“Ughhhhh…”
It wasn’t elegant, but it was the only sound I could make when I started coming to. My face throbbed.
I swore.
My face… That’s my money-maker. Sure, I could sing—kinda—but my face…
I reached for my should-be-busted nose even before opening my had-to-be-swollen eyes. I let out a sigh of relief. Fortunately, everything seemed to be where it was supposed to be.
“Worthless bard. All you do is drink and pass out,” someone said.
“Kurt?” I mumbled, voice coming out slurred and pained.
Didn’t sound like Kurt, though. I risked opening one of my eyes, expecting the bright rainbow-lit bar to be excruciating. But the light was dim. And flickering. Like it wasn’t really light at all.

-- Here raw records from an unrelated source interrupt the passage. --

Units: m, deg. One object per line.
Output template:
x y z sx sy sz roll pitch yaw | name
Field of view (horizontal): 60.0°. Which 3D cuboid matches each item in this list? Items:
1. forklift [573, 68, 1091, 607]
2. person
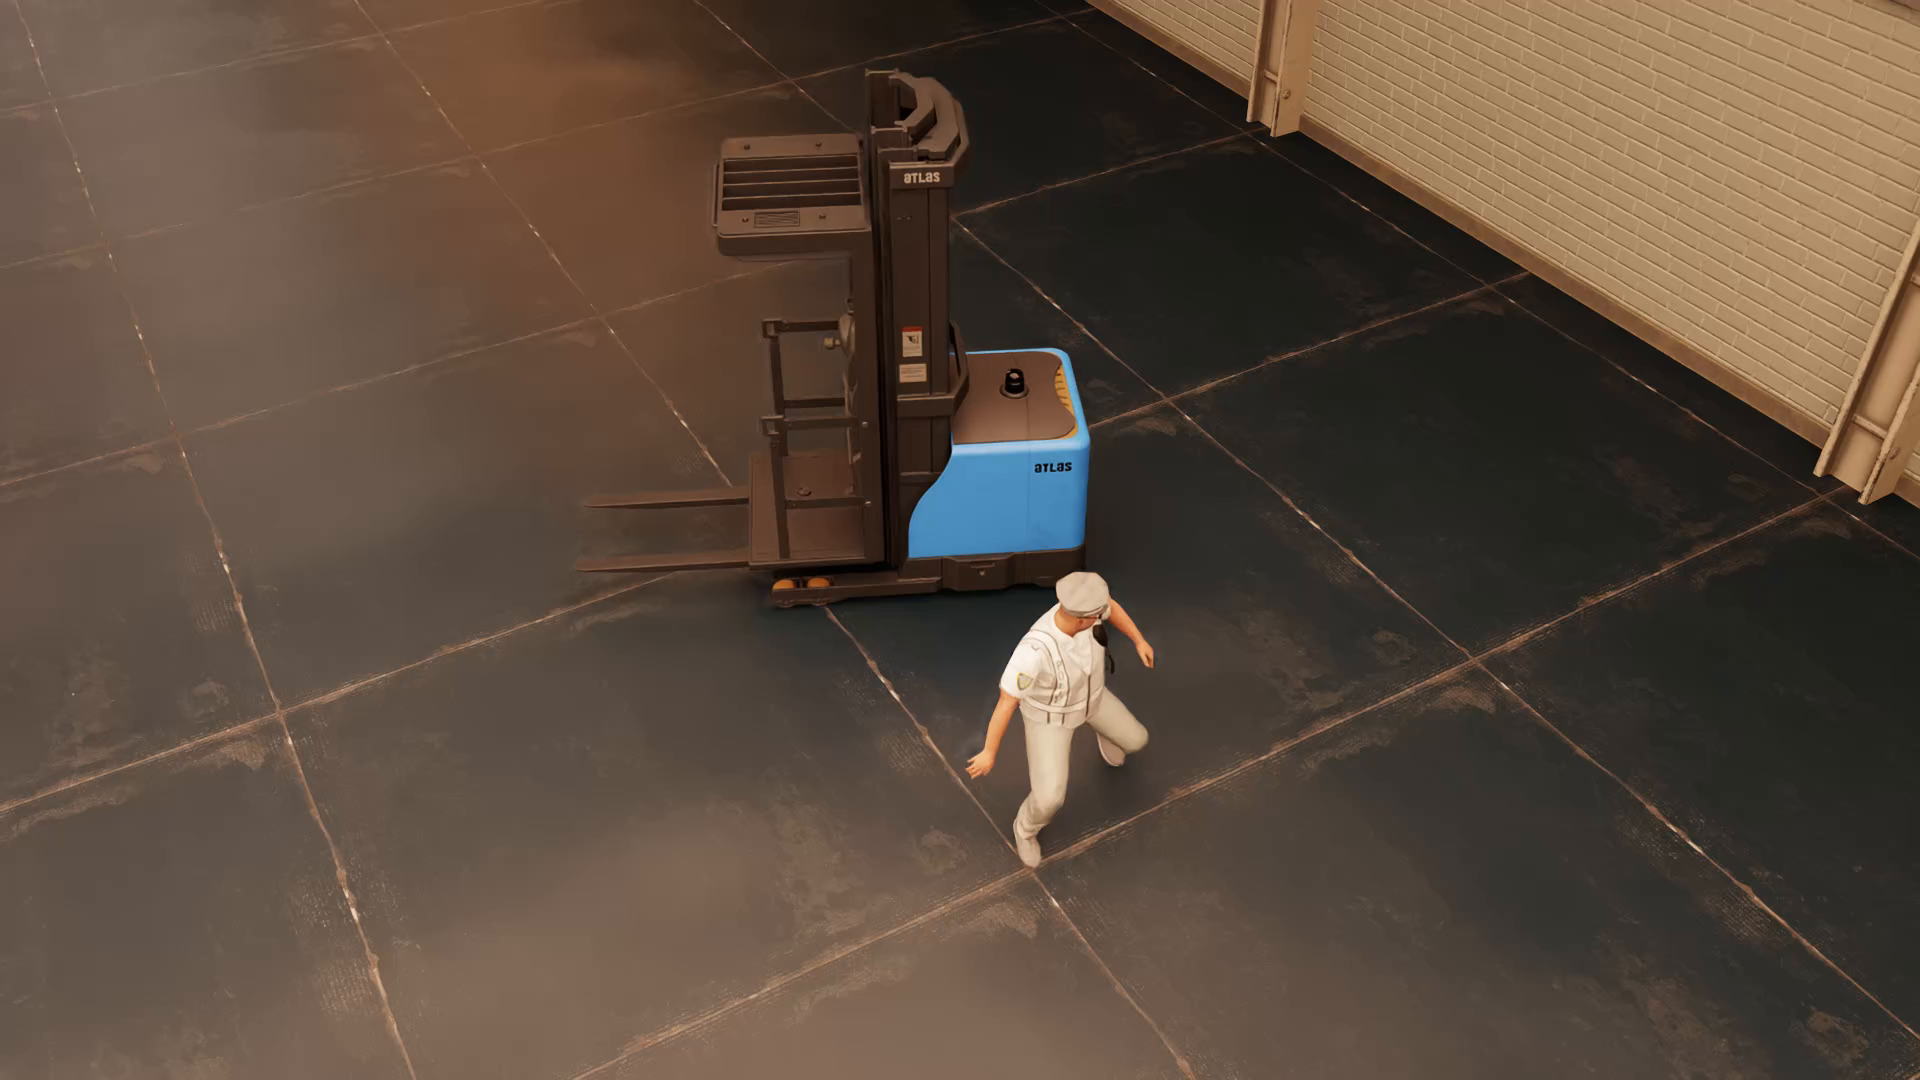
-0.796 -1.083 9.342 3.031 2.935 1.130 -3 40 -4 | forklift
0.498 0.827 8.131 1.141 1.643 0.510 -28 47 -29 | person

I peeled open my other eye, sitting up slowly. The stench of spilled beer was overwhelming. That was appropriate, considering what’d happened. What wasn’t appropriate was that I appeared to be sitting in it.
And it smelled old and stale. How long had I been out? My pants were soaked with—
A pair of rough hands hoisted me off the floor.
“Kurt—wait… wait a second—”
Not only did it not sound like Kurt, it didn’t look like him either. An old geezer wearing a leather apron and a stern expression got in my face. He had frizzy muttonchops that curled into a mustache. His yellow teeth were caked in food, and I nearly retched at the smell that accompanied his words.
“Every night, it’s the same damn thing. You waltz in, try to sing, then get drunk and keel over in a heap. I’m sick of it.” He took a step back and his face softened as if he’d instantly calmed. He brushed me off like I was a kid who’d fallen in the dirt. “And you haven’t paid your tab in ages, Daniil.”
“My tab?” I blinked, trying to clear the stars from my vision. “Who’s Daniil?”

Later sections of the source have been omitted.